▶ **What you have to do**
In the entries that follow, find the word "oriented" and report each line it is on.

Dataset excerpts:
────────
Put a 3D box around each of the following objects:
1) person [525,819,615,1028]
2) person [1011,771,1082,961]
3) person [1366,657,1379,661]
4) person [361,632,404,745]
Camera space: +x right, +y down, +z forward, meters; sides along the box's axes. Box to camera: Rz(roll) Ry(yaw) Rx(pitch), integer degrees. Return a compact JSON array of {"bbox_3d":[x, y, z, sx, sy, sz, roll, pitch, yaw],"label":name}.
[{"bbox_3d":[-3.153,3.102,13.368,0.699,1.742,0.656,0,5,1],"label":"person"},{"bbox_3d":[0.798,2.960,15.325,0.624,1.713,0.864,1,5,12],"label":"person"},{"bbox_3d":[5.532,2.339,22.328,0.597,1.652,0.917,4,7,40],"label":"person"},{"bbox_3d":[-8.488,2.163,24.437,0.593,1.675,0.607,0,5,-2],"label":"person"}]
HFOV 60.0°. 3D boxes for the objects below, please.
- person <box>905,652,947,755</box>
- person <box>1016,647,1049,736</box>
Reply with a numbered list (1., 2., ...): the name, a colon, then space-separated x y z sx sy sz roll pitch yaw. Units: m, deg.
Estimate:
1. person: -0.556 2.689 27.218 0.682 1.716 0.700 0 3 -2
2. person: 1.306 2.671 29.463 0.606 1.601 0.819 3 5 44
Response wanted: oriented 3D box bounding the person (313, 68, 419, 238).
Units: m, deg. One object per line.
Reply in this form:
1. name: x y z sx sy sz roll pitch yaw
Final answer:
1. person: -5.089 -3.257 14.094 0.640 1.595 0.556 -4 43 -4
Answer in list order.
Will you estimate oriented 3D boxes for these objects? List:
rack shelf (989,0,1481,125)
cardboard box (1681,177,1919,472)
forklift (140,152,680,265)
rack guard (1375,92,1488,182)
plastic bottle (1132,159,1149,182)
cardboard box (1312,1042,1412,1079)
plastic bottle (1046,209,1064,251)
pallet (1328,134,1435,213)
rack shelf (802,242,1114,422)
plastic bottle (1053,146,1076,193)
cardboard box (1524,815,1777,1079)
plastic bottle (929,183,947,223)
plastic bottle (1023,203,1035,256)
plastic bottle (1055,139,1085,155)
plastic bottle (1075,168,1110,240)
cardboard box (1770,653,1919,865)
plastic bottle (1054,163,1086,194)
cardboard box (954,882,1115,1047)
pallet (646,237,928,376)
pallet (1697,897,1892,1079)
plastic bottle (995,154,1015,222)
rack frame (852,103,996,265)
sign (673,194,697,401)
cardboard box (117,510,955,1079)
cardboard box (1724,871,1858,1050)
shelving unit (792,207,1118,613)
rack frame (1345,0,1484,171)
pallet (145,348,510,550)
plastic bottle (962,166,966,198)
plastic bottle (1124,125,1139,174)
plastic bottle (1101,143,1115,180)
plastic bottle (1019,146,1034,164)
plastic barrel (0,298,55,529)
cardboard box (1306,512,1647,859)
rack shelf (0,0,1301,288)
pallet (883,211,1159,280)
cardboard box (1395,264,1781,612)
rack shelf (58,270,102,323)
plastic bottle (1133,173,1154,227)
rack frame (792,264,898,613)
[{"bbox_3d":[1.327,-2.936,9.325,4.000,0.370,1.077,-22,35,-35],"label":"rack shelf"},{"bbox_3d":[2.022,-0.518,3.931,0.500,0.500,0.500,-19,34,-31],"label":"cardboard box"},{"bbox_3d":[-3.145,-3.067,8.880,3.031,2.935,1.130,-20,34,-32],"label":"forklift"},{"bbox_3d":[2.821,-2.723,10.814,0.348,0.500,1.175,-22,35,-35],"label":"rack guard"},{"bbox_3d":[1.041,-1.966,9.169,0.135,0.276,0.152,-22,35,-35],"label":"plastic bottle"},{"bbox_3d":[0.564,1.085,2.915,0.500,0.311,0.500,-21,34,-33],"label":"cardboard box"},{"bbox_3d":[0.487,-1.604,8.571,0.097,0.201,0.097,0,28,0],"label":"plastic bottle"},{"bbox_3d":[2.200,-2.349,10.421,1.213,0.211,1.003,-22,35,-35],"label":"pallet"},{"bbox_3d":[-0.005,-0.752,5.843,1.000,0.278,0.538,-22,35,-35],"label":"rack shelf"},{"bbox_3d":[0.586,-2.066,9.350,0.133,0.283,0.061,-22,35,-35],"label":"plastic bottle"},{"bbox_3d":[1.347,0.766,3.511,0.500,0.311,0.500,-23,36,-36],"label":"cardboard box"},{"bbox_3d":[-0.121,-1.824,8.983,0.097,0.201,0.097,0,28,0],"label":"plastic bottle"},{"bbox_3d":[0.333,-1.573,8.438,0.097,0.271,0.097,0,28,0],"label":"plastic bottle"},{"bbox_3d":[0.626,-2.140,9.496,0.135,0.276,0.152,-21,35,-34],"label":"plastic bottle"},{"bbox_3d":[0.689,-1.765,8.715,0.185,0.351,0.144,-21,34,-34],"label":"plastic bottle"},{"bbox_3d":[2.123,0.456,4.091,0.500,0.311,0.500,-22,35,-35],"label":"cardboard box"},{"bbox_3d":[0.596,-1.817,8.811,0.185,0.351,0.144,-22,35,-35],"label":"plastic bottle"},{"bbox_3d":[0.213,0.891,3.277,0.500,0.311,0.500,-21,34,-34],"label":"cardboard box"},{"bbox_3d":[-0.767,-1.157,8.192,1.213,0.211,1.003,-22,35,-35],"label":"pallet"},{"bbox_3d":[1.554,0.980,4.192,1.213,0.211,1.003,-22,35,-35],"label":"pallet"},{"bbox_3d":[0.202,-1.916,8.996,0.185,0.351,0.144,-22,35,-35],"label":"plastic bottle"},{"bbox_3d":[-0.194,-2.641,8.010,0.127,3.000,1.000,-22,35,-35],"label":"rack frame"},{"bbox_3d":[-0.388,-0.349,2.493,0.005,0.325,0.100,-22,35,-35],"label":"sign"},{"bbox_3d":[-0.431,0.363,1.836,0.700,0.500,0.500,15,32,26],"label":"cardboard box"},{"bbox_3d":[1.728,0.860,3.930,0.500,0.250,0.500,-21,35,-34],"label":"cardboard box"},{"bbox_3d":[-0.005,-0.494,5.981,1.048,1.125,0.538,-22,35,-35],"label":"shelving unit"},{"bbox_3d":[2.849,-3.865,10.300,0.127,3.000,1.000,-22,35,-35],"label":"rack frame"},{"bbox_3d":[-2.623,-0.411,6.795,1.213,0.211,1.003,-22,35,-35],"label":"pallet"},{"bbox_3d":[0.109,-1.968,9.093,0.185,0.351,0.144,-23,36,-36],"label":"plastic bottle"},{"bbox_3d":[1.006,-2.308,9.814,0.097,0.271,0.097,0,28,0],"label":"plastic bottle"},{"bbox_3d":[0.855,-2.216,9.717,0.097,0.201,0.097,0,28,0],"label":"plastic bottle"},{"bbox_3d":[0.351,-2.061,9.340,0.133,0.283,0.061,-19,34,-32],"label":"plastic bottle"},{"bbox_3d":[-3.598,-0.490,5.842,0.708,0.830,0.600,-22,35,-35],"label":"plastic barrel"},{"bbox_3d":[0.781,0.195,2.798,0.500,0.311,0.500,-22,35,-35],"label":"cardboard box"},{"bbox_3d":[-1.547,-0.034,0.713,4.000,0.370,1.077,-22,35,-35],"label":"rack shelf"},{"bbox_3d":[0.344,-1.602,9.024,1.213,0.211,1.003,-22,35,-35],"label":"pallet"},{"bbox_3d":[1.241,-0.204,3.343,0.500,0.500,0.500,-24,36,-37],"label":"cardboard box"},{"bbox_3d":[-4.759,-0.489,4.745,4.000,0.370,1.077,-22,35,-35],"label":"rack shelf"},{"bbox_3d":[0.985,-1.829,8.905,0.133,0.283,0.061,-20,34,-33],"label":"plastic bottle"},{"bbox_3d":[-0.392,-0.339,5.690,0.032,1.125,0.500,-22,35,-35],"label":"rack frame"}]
────────
▶ **Answer below**
Response wanted: oriented 3D box bounding the person (313, 68, 419, 238).
Will you estimate oriented 3D boxes for these objects? List:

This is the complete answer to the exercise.